Домой он добрался только к утру. Прежде чем лечь спать, долго отмывал рубаху от следов пирушки, из карманов выгреб ворох бумажек с инициалами и телефонами, не рассматривая, спустил в унитаз. Его шанс, его "десять лет спустя" остались за кормой. Однообразная и пресная, без перемен и надежд, жизнь продолжала бежать, и некому было выставить ей подножку.
Обычно он не возвращался домой пешком. День, проведенный в институте, одаривал ленью и головной болью, тупым безразличием ко всему. Сил на какие-либо активные действия не оставалось, и Евгений Захарович покорно влезал в переполненный автобус, повисая на поручне, впадая в знакомый транс.
Уже дома, стоя в ванне во весь рост, он ожесточенно принимался скрести себя мочалкой, с гримасой отвращения следя за пузырящейся радужной пеной. Собственное тело казалось ему средоточием вселенской грязи, а ежедневное мытье все более напоминало бездарную, нелепую войну, начатую неизвестно когда и неизвестно кем. Природу невозможно победить, а грязь это часть природы. И очень существенная часть... С детства Евгения Захаровича приучали ополаскивать лицо и руки, всю одежду его тщательно протряхивали, намечающиеся полуокружья ногтей накоротко срезались. Лились шампуни, до ветхости протирались мочалки, от пахучих кирпичиков мыла оставалось одно воспоминание. И уже тогда страшная обязательность гигиенических процедур начала внушать ему панический страх. Мир взрослых выплывал из-за горизонта пугающим островом-миражом, и с ужасом Евгений Захарович следил за грифельными отметками на дверном косяке. С каждым годом макушка его вздымалась выше и выше, голос грубел, а вместо детского прыгающего подскока все отчетливее прорисовывался строгий угловатый шаг.

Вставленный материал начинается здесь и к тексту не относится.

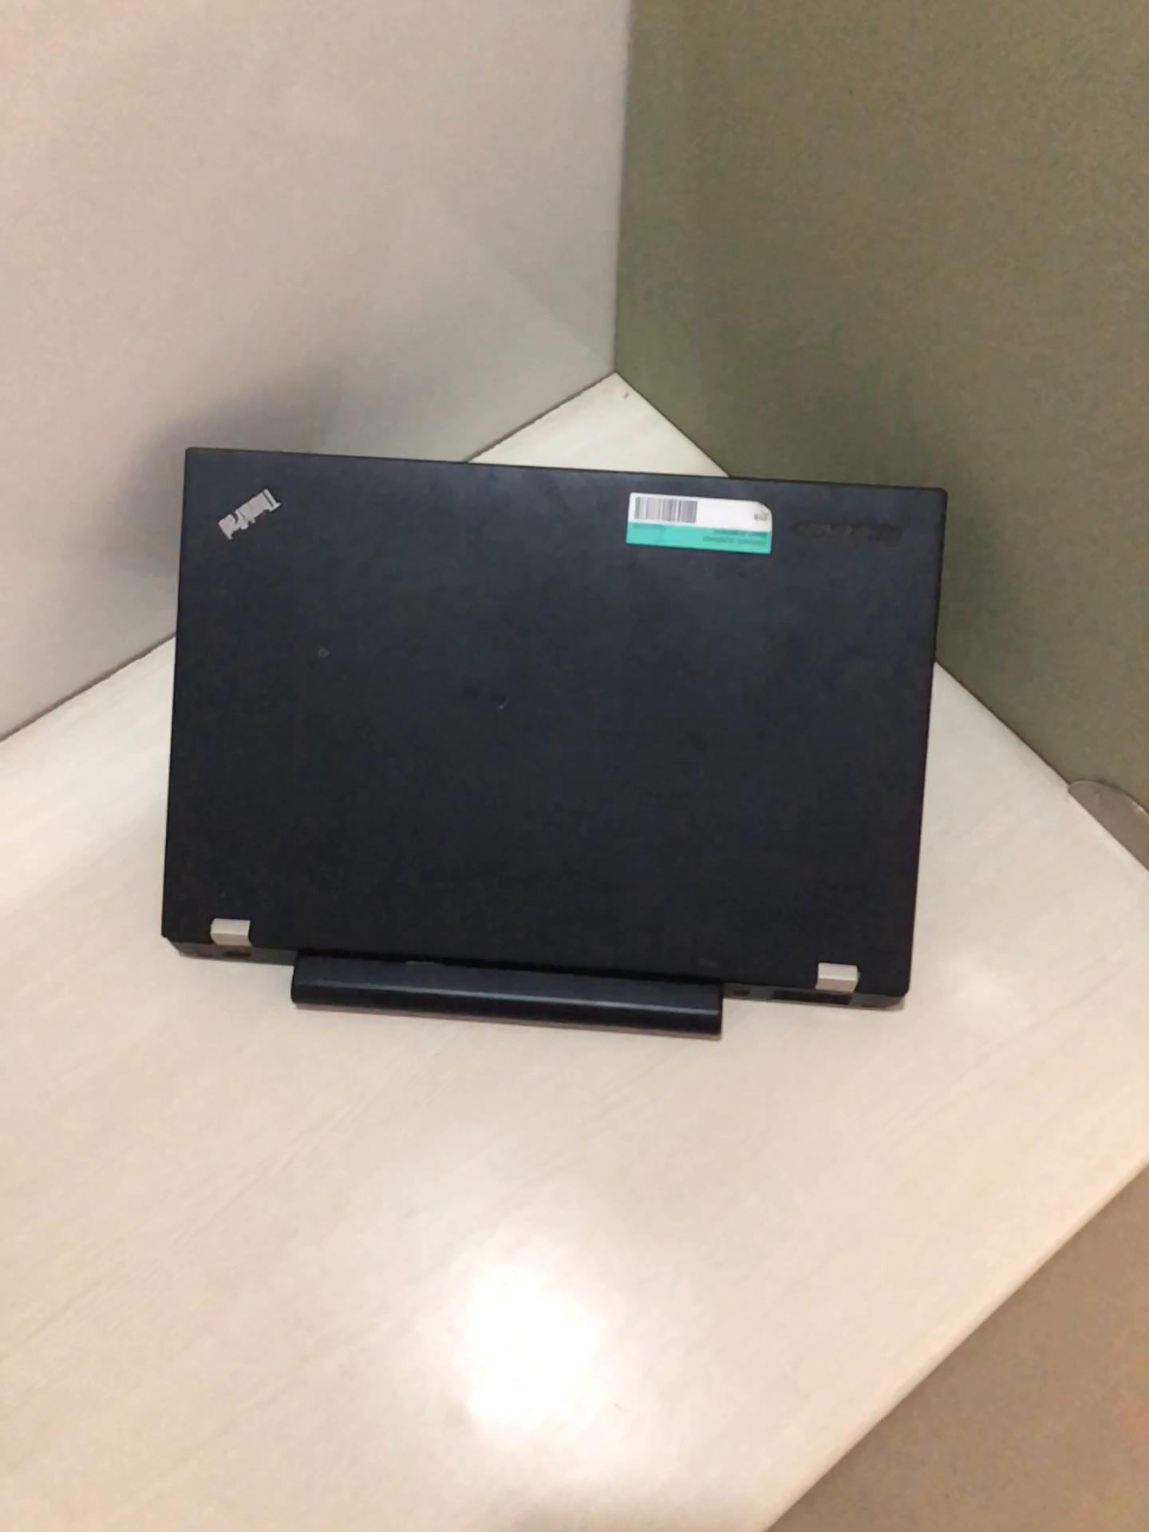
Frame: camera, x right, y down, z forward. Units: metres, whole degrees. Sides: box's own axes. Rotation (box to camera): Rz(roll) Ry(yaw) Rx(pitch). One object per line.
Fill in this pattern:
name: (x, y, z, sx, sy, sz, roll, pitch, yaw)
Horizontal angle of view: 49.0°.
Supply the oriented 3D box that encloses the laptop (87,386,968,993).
laptop: (-0.012, -0.037, 0.615, 0.354, 0.140, 0.233, 4, 64, 4)
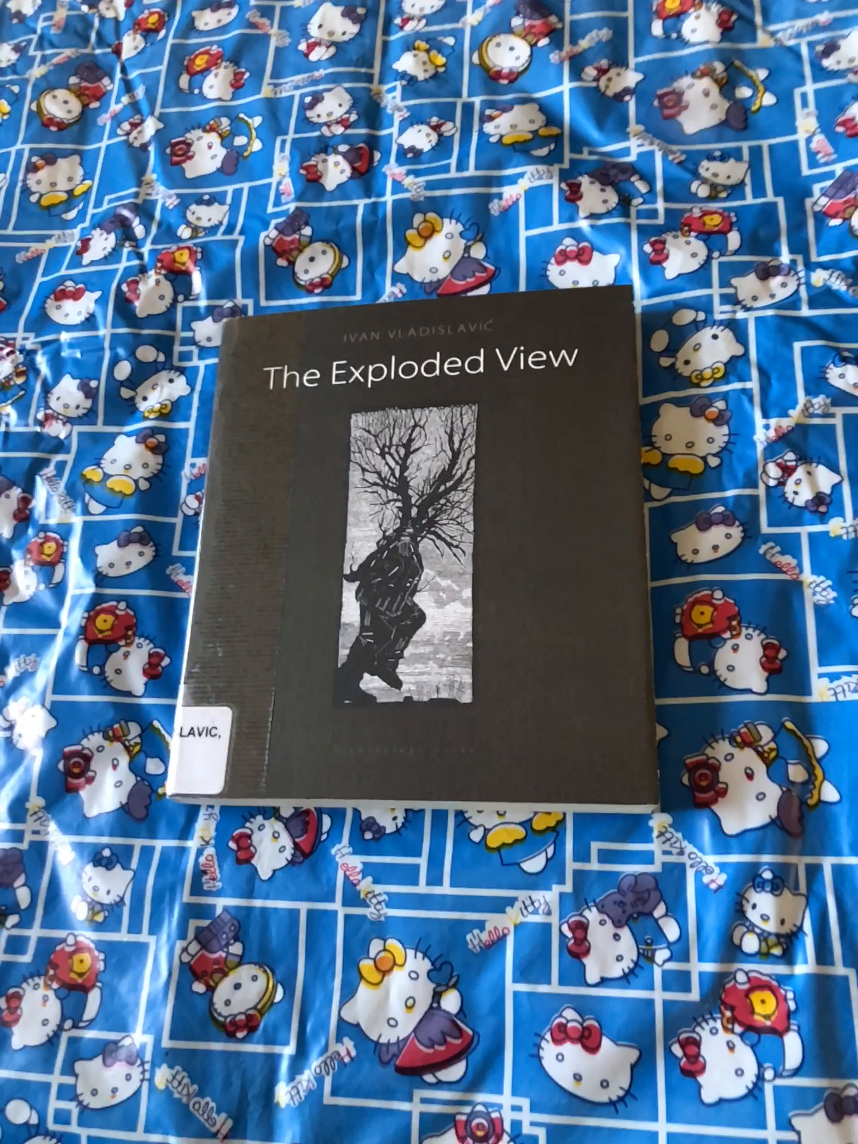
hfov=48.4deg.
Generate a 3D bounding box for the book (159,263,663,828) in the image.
[{"bbox_3d":[-0.003,-0.011,0.295,0.140,0.020,0.170,-1,72,11],"label":"book"}]
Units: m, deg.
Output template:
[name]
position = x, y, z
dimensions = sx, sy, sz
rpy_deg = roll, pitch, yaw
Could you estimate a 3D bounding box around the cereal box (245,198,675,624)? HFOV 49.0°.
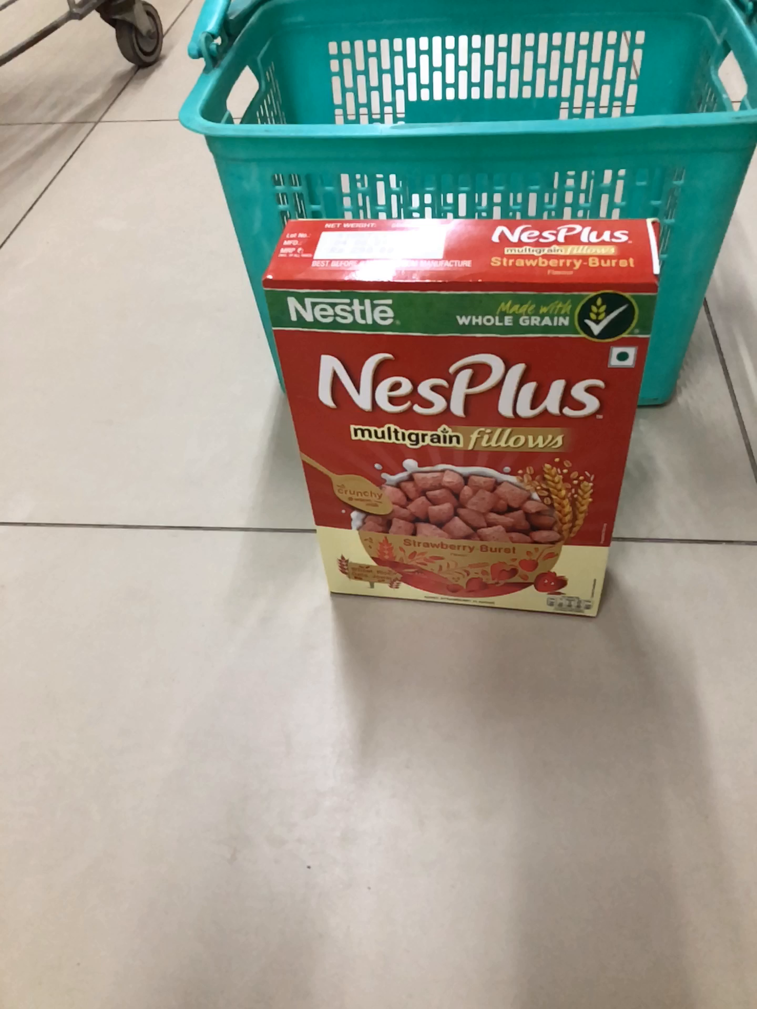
[cereal box]
position = 0.046, -0.039, 0.481
dimensions = 0.190, 0.258, 0.060
rpy_deg = 4, 48, 10
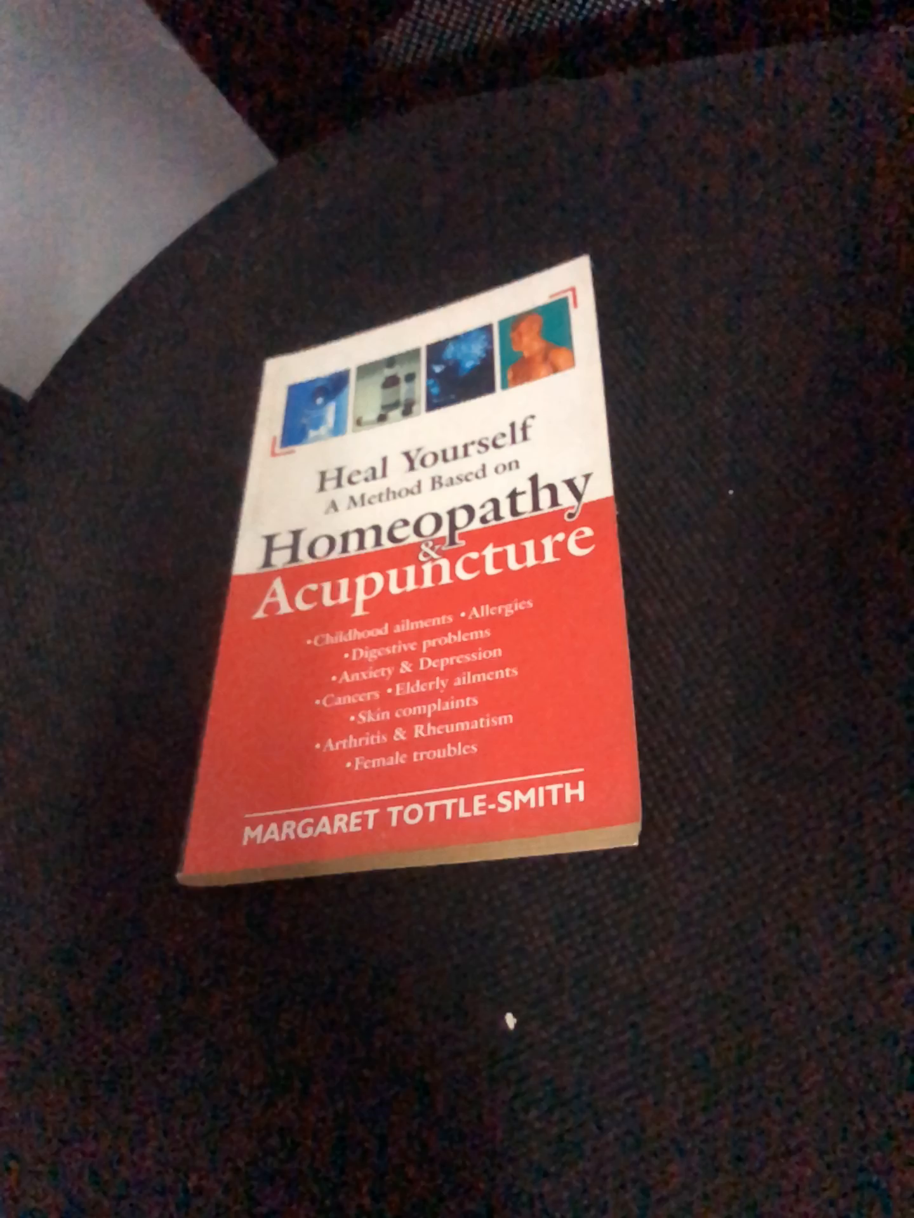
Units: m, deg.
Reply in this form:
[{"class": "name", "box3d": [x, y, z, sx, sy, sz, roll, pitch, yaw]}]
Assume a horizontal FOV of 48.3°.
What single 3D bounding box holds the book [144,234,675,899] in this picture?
[{"class": "book", "box3d": [-0.013, -0.022, 0.337, 0.150, 0.020, 0.221, -10, 56, 19]}]
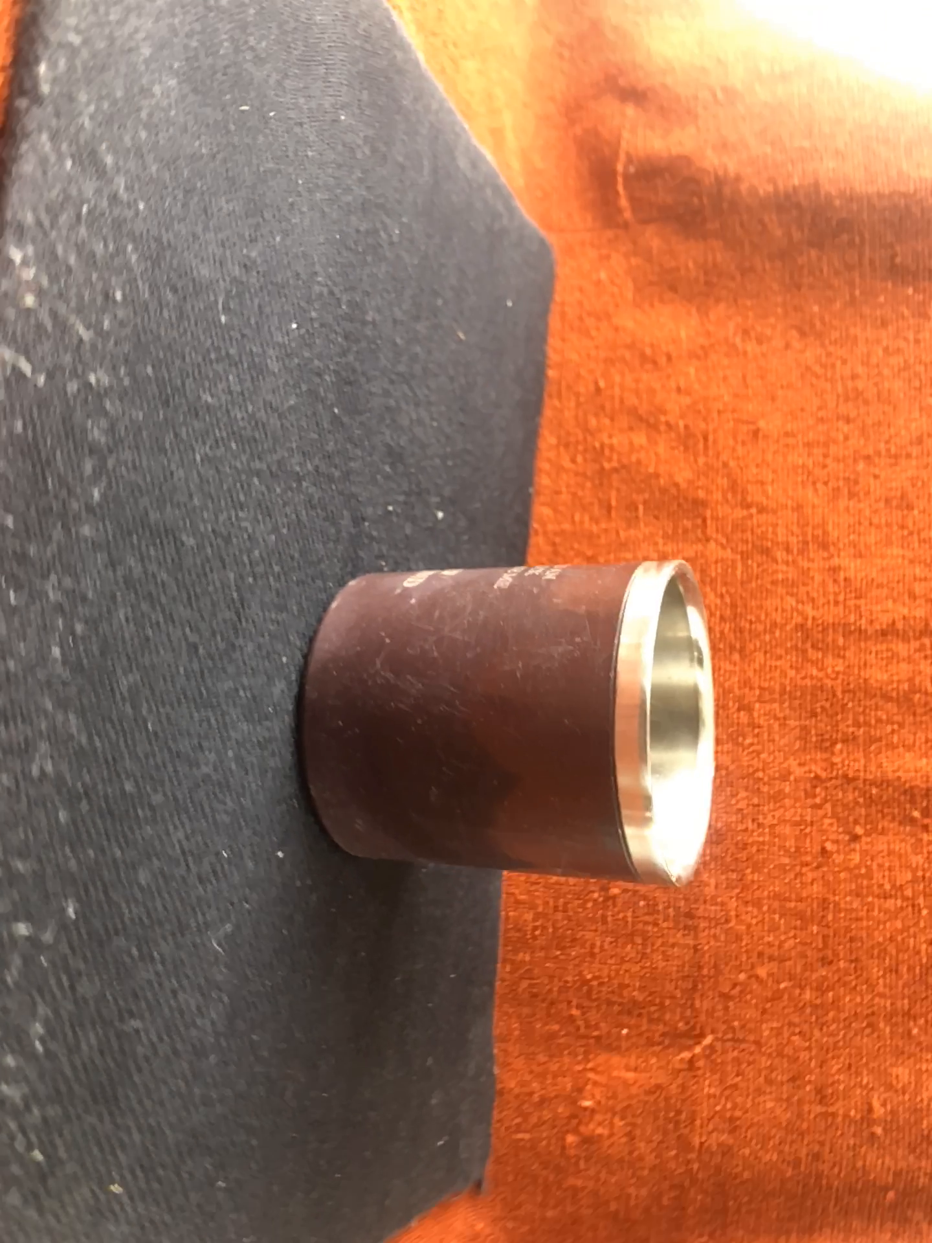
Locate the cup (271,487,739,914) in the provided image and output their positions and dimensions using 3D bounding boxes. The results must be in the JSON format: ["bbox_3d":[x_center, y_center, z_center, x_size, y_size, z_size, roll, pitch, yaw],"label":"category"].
[{"bbox_3d":[0.021,0.028,0.292,0.111,0.089,0.090,38,55,-62],"label":"cup"}]

Сколько же невинной воды утекло с тех пор! Евгений Захарович цеплялся за годы, как тонущий цепляется за кромку льда. Увы, прорубь тянула его на дно. С покорностью приручаемого щенка ему пришлось перенять законы взрослого мира. Он научился врать и поддакивать, ежиться под душем и потеть на банных полках, пить горький кофе и любить мясо. Он не уверовал в необходимость творимого, однако уже и не сопротивлялся. Окружающие не баловали объяснениями, а слово "человек" звучало все также гордо и назидательно. По общему негласному мнению жизнь считалась прекрасной и вполне разумной, и он вынужден был с мириться с подобным выводом, так как иного пути не предлагалось. И происходило странное: с каждым днем наблюдаемый круговорот бессмыслицы казался ему все более правильным и закономерным. Война с микробами вошла в привычку, и душ чередовался с ванной, а ванна с сауной. Многочисленный бациллоподобный народец не собирался так просто сдаваться. Воздушная атмосфера была для них голодным океаном, а люди представлялись лакомыми уютными островками. Трепеща крохотными крылышками, они пикировали на случайных прохожих, с воинственным кличем столбили занятую территорию. Таким образом они отвоевывали право на жизнь и, обустраиваясь в расщелинах пор, в паху и под мышками, с яростью принимались за созидание материального благополучия, вспахивая благодатную целину, возводя первые бревенчатые лачуги, а следом за ними - панельные многоэтажки. И все у маленького народца ладилось. Женщины - или кто там у них - ежесекундно рожали, младенцы-акселераты, посучив ножками, ползли, поднимались и присоединялись к трудягам-родителям. Поколения сменяли уходящих, ширились кладбища, мгновения складывались в счастливые эпохи, и с провидческим трепетом умнейшие из умнейших вглядывались в недалекий час катастрофы, предупреждая о болезнях и войнах, о возмездии неправедным и судном дне.